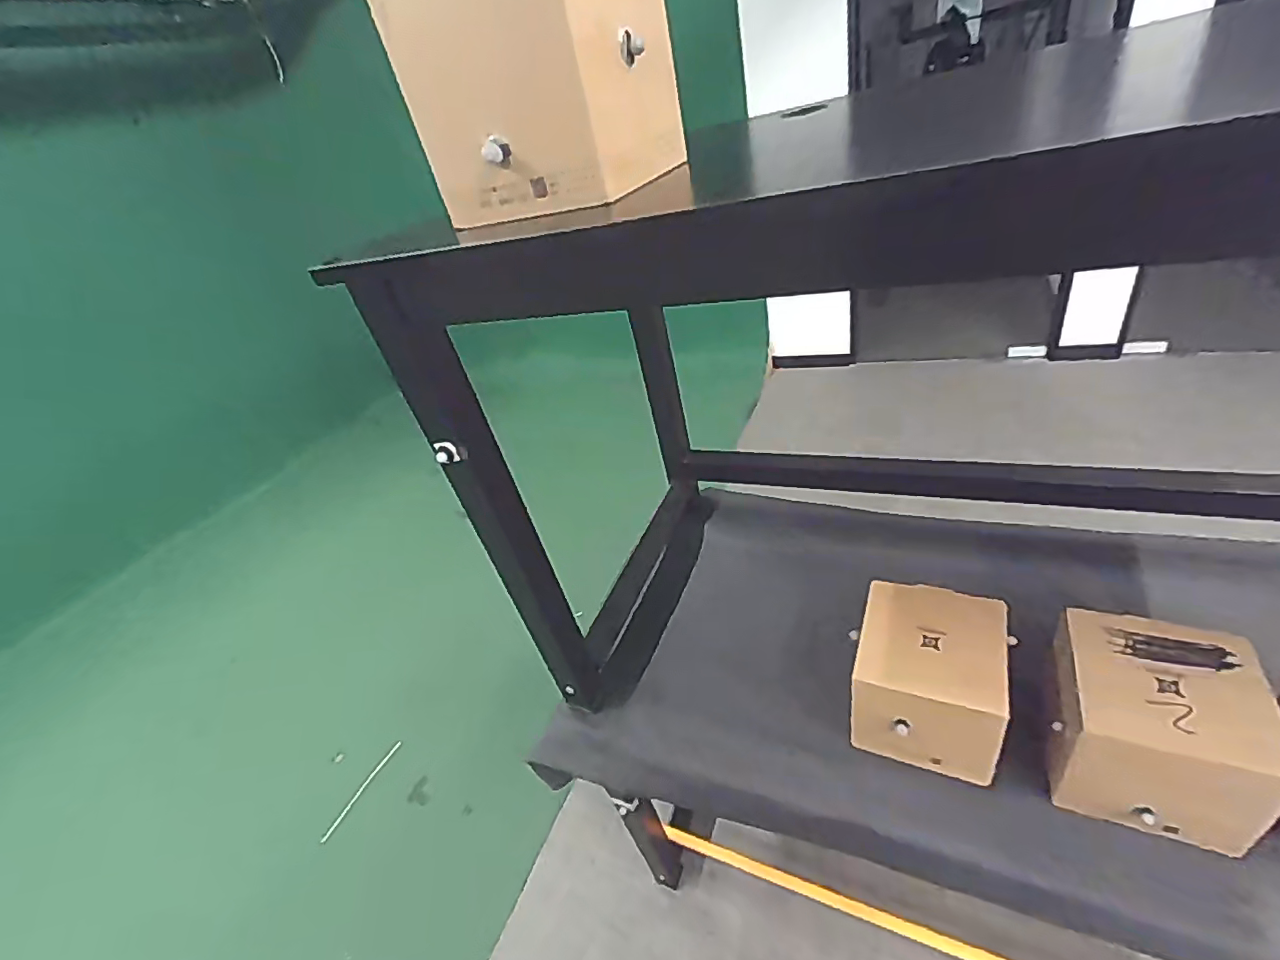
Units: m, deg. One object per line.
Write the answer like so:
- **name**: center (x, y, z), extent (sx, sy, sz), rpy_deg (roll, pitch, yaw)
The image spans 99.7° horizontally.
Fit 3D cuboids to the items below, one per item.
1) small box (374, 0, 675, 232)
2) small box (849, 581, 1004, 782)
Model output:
- **small box**: center (-0.078, -0.331, 0.471), extent (0.168, 0.176, 0.179), rpy_deg (5, 40, 27)
- **small box**: center (0.388, 0.269, 0.735), extent (0.168, 0.176, 0.179), rpy_deg (6, 39, 29)
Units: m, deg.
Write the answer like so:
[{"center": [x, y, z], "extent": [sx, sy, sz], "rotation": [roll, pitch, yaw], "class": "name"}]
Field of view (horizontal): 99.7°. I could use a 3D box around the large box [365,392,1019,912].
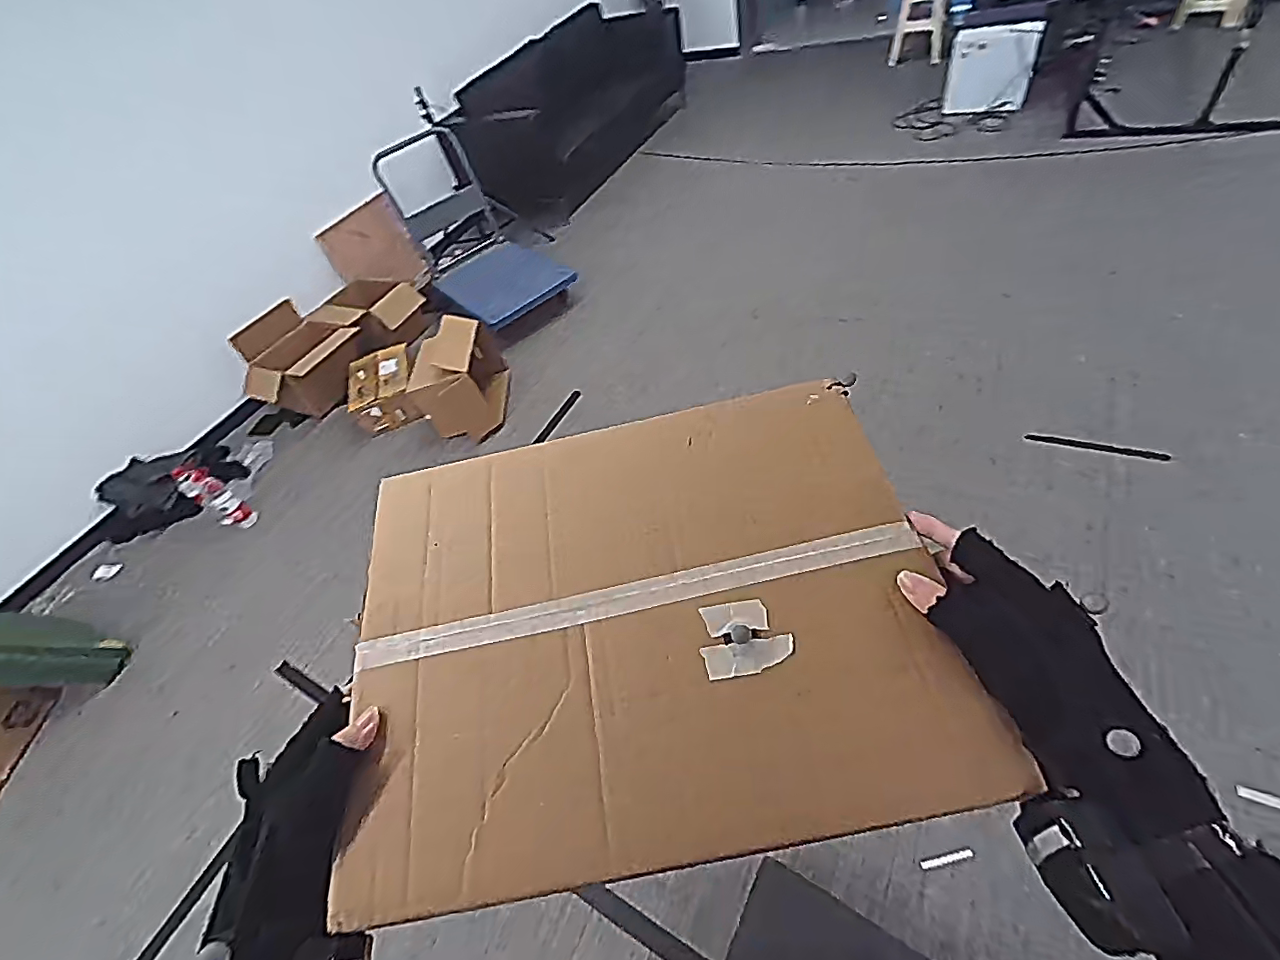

========================

**What you need to do**
From the preceding records, count the lines where "roll" occurs and reply with the number only.

**Expected output**
2